(Collection entries)
==================================================

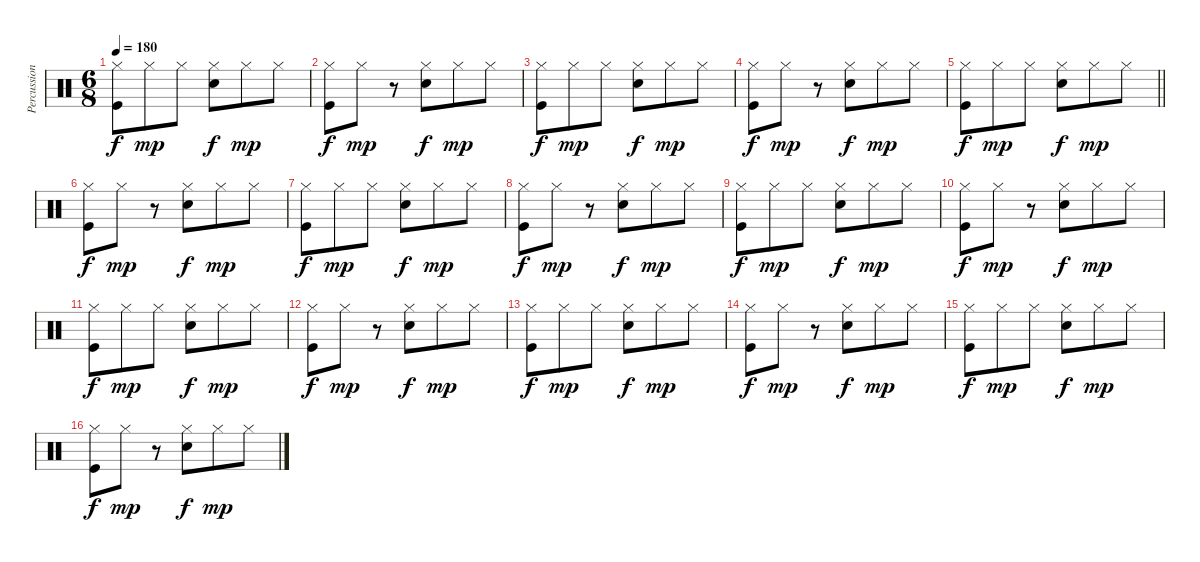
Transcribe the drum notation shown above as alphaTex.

\track ("Percussions" "Percussion") {instrument percussion}
\staff {score}
\articulation defaults
\ts (6 8)
\tempo 180
\clef neutral
\ks c
("Hi-Hat (closed)" "Kick (hit)").8{dy f} "Hi-Hat (closed)".8{dy mp} "Hi-Hat (closed)".8 ("Hi-Hat (closed)" "Snare (hit) 2").8{dy f} "Hi-Hat (closed)".8{dy mp} "Hi-Hat (closed)".8 |
("Hi-Hat (closed)" "Kick (hit)").8{dy f} "Hi-Hat (closed)".8{dy mp} r.8 ("Hi-Hat (closed)" "Snare (hit) 2").8{dy f} "Hi-Hat (closed)".8{dy mp} "Hi-Hat (closed)".8 |
("Hi-Hat (closed)" "Kick (hit)").8{dy f} "Hi-Hat (closed)".8{dy mp} "Hi-Hat (closed)".8 ("Hi-Hat (closed)" "Snare (hit) 2").8{dy f} "Hi-Hat (closed)".8{dy mp} "Hi-Hat (closed)".8 |
("Hi-Hat (closed)" "Kick (hit)").8{dy f} "Hi-Hat (closed)".8{dy mp} r.8 ("Hi-Hat (closed)" "Snare (hit) 2").8{dy f} "Hi-Hat (closed)".8{dy mp} "Hi-Hat (closed)".8 |
\barLineRight lightlight
("Hi-Hat (closed)" "Kick (hit)").8{dy f} "Hi-Hat (closed)".8{dy mp} "Hi-Hat (closed)".8 ("Hi-Hat (closed)" "Snare (hit) 2").8{dy f} "Hi-Hat (closed)".8{dy mp} "Hi-Hat (closed)".8 |
("Hi-Hat (closed)" "Kick (hit)").8{dy f} "Hi-Hat (closed)".8{dy mp} r.8 ("Hi-Hat (closed)" "Snare (hit) 2").8{dy f} "Hi-Hat (closed)".8{dy mp} "Hi-Hat (closed)".8 |
("Hi-Hat (closed)" "Kick (hit)").8{dy f} "Hi-Hat (closed)".8{dy mp} "Hi-Hat (closed)".8 ("Hi-Hat (closed)" "Snare (hit) 2").8{dy f} "Hi-Hat (closed)".8{dy mp} "Hi-Hat (closed)".8 |
("Hi-Hat (closed)" "Kick (hit)").8{dy f} "Hi-Hat (closed)".8{dy mp} r.8 ("Hi-Hat (closed)" "Snare (hit) 2").8{dy f} "Hi-Hat (closed)".8{dy mp} "Hi-Hat (closed)".8 |
("Hi-Hat (closed)" "Kick (hit)").8{dy f} "Hi-Hat (closed)".8{dy mp} "Hi-Hat (closed)".8 ("Hi-Hat (closed)" "Snare (hit) 2").8{dy f} "Hi-Hat (closed)".8{dy mp} "Hi-Hat (closed)".8 |
("Hi-Hat (closed)" "Kick (hit)").8{dy f} "Hi-Hat (closed)".8{dy mp} r.8 ("Hi-Hat (closed)" "Snare (hit) 2").8{dy f} "Hi-Hat (closed)".8{dy mp} "Hi-Hat (closed)".8 |
("Hi-Hat (closed)" "Kick (hit)").8{dy f} "Hi-Hat (closed)".8{dy mp} "Hi-Hat (closed)".8 ("Hi-Hat (closed)" "Snare (hit) 2").8{dy f} "Hi-Hat (closed)".8{dy mp} "Hi-Hat (closed)".8 |
("Hi-Hat (closed)" "Kick (hit)").8{dy f} "Hi-Hat (closed)".8{dy mp} r.8 ("Hi-Hat (closed)" "Snare (hit) 2").8{dy f} "Hi-Hat (closed)".8{dy mp} "Hi-Hat (closed)".8 |
("Hi-Hat (closed)" "Kick (hit)").8{dy f} "Hi-Hat (closed)".8{dy mp} "Hi-Hat (closed)".8 ("Hi-Hat (closed)" "Snare (hit) 2").8{dy f} "Hi-Hat (closed)".8{dy mp} "Hi-Hat (closed)".8 |
("Hi-Hat (closed)" "Kick (hit)").8{dy f} "Hi-Hat (closed)".8{dy mp} r.8 ("Hi-Hat (closed)" "Snare (hit) 2").8{dy f} "Hi-Hat (closed)".8{dy mp} "Hi-Hat (closed)".8 |
("Hi-Hat (closed)" "Kick (hit)").8{dy f} "Hi-Hat (closed)".8{dy mp} "Hi-Hat (closed)".8 ("Hi-Hat (closed)" "Snare (hit) 2").8{dy f} "Hi-Hat (closed)".8{dy mp} "Hi-Hat (closed)".8 |
("Hi-Hat (closed)" "Kick (hit)").8{dy f} "Hi-Hat (closed)".8{dy mp} r.8 ("Hi-Hat (closed)" "Snare (hit) 2").8{dy f} "Hi-Hat (closed)".8{dy mp} "Hi-Hat (closed)".8
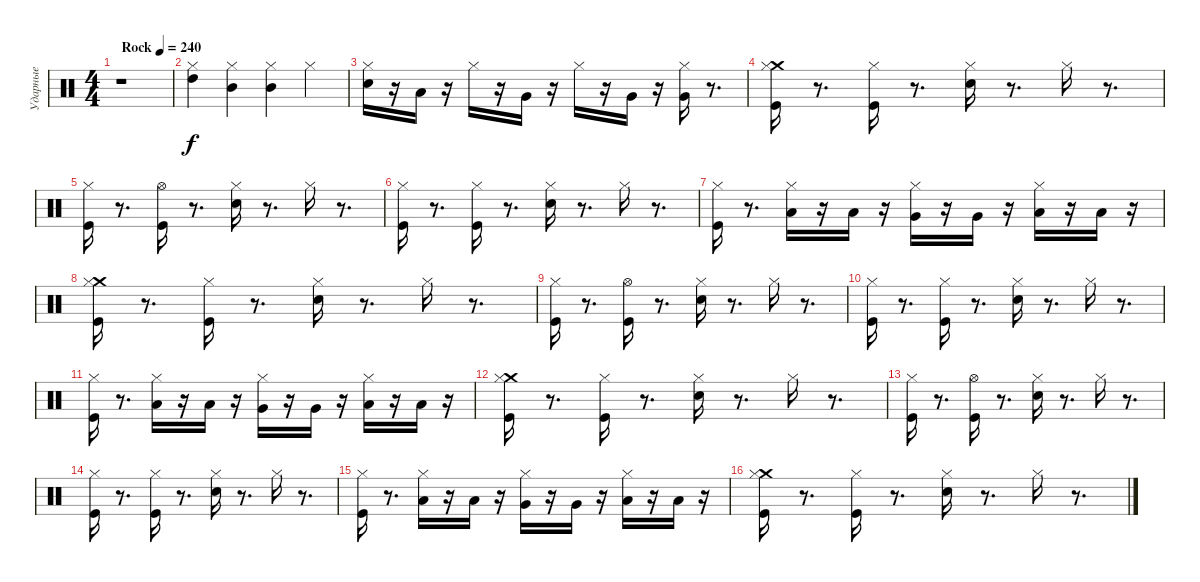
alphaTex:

\track ("Ударные" "Ударные") {instrument percussion}
\staff {score}
\articulation defaults
\ts (4 4)
\tempo (240 "Rock")
\clef neutral
\ks c
r.1{dy f} |
("High Tom (hit)" "Hi-Hat (closed)").4 ("Mid Tom (hit)" "Hi-Hat (closed)").4 ("Mid Tom (hit)" "Hi-Hat (closed)").4 "Hi-Hat (closed)".4 |
("Hi-Hat (closed)" "Electric Snare (hit)").16 r.16 "Low Tom (hit)".16 r.16 "Hi-Hat (closed)".16 r.16 "Very Low Tom (hit)".16 r.16 "Hi-Hat (closed)".16 r.16 "Very Low Tom (hit)".16 r.16 ("Very Low Tom (hit)" "Hi-Hat (closed)").16 r.8{d} |
("Kick (hit)" "Crash medium (hit)" "Hi-Hat (closed)").16 r.8{d} ("Kick (hit)" "Hi-Hat (closed)").16 r.8{d} ("Snare (hit) 2" "Hi-Hat (closed)").16 r.8{d} "Hi-Hat (closed)".16 r.8{d} |
("Kick (hit)" "Hi-Hat (closed)").16 r.8{d} ("Kick (hit)" "Hi-Hat (open)").16 r.8{d} ("Snare (hit) 2" "Hi-Hat (closed)").16 r.8{d} "Hi-Hat (closed)".16 r.8{d} |
("Kick (hit)" "Hi-Hat (closed)").16 r.8{d} ("Kick (hit)" "Hi-Hat (closed)").16 r.8{d} ("Snare (hit) 2" "Hi-Hat (closed)").16 r.8{d} "Hi-Hat (closed)".16 r.8{d} |
("Kick (hit)" "Hi-Hat (closed)").16 r.8{d} ("Low Floor Tom (hit)" "Hi-Hat (closed)").16 r.16 "Low Floor Tom (hit)".16 r.16 ("Very Low Tom (hit)" "Hi-Hat (closed)").16 r.16 "Very Low Tom (hit)".16 r.16 ("Low Tom (hit)" "Hi-Hat (closed)").16 r.16 "Low Tom (hit)".16 r.16 |
("Kick (hit)" "Crash medium (hit)" "Hi-Hat (closed)").16 r.8{d} ("Kick (hit)" "Hi-Hat (closed)").16 r.8{d} ("Snare (hit) 2" "Hi-Hat (closed)").16 r.8{d} "Hi-Hat (closed)".16 r.8{d} |
("Kick (hit)" "Hi-Hat (closed)").16 r.8{d} ("Kick (hit)" "Hi-Hat (open)").16 r.8{d} ("Snare (hit) 2" "Hi-Hat (closed)").16 r.8{d} "Hi-Hat (closed)".16 r.8{d} |
("Kick (hit)" "Hi-Hat (closed)").16 r.8{d} ("Kick (hit)" "Hi-Hat (closed)").16 r.8{d} ("Snare (hit) 2" "Hi-Hat (closed)").16 r.8{d} "Hi-Hat (closed)".16 r.8{d} |
("Kick (hit)" "Hi-Hat (closed)").16 r.8{d} ("Low Floor Tom (hit)" "Hi-Hat (closed)").16 r.16 "Low Floor Tom (hit)".16 r.16 ("Very Low Tom (hit)" "Hi-Hat (closed)").16 r.16 "Very Low Tom (hit)".16 r.16 ("Low Tom (hit)" "Hi-Hat (closed)").16 r.16 "Low Tom (hit)".16 r.16 |
("Kick (hit)" "Crash medium (hit)" "Hi-Hat (closed)").16 r.8{d} ("Kick (hit)" "Hi-Hat (closed)").16 r.8{d} ("Snare (hit) 2" "Hi-Hat (closed)").16 r.8{d} "Hi-Hat (closed)".16 r.8{d} |
("Kick (hit)" "Hi-Hat (closed)").16 r.8{d} ("Kick (hit)" "Hi-Hat (open)").16 r.8{d} ("Snare (hit) 2" "Hi-Hat (closed)").16 r.8{d} "Hi-Hat (closed)".16 r.8{d} |
("Kick (hit)" "Hi-Hat (closed)").16 r.8{d} ("Kick (hit)" "Hi-Hat (closed)").16 r.8{d} ("Snare (hit) 2" "Hi-Hat (closed)").16 r.8{d} "Hi-Hat (closed)".16 r.8{d} |
("Kick (hit)" "Hi-Hat (closed)").16 r.8{d} ("Low Floor Tom (hit)" "Hi-Hat (closed)").16 r.16 "Low Floor Tom (hit)".16 r.16 ("Very Low Tom (hit)" "Hi-Hat (closed)").16 r.16 "Very Low Tom (hit)".16 r.16 ("Low Tom (hit)" "Hi-Hat (closed)").16 r.16 "Low Tom (hit)".16 r.16 |
("Kick (hit)" "Crash medium (hit)" "Hi-Hat (closed)").16 r.8{d} ("Kick (hit)" "Hi-Hat (closed)").16 r.8{d} ("Snare (hit) 2" "Hi-Hat (closed)").16 r.8{d} "Hi-Hat (closed)".16 r.8{d}

==================================================

YOUR INSTRUCTIONS: Copy down every line of the entries containing the word "track".

RESULT OF THIS EXERCISE:
\track ("Percussions" "Percussion") {instrument percussion}
\track ("Ударные" "Ударные") {instrument percussion}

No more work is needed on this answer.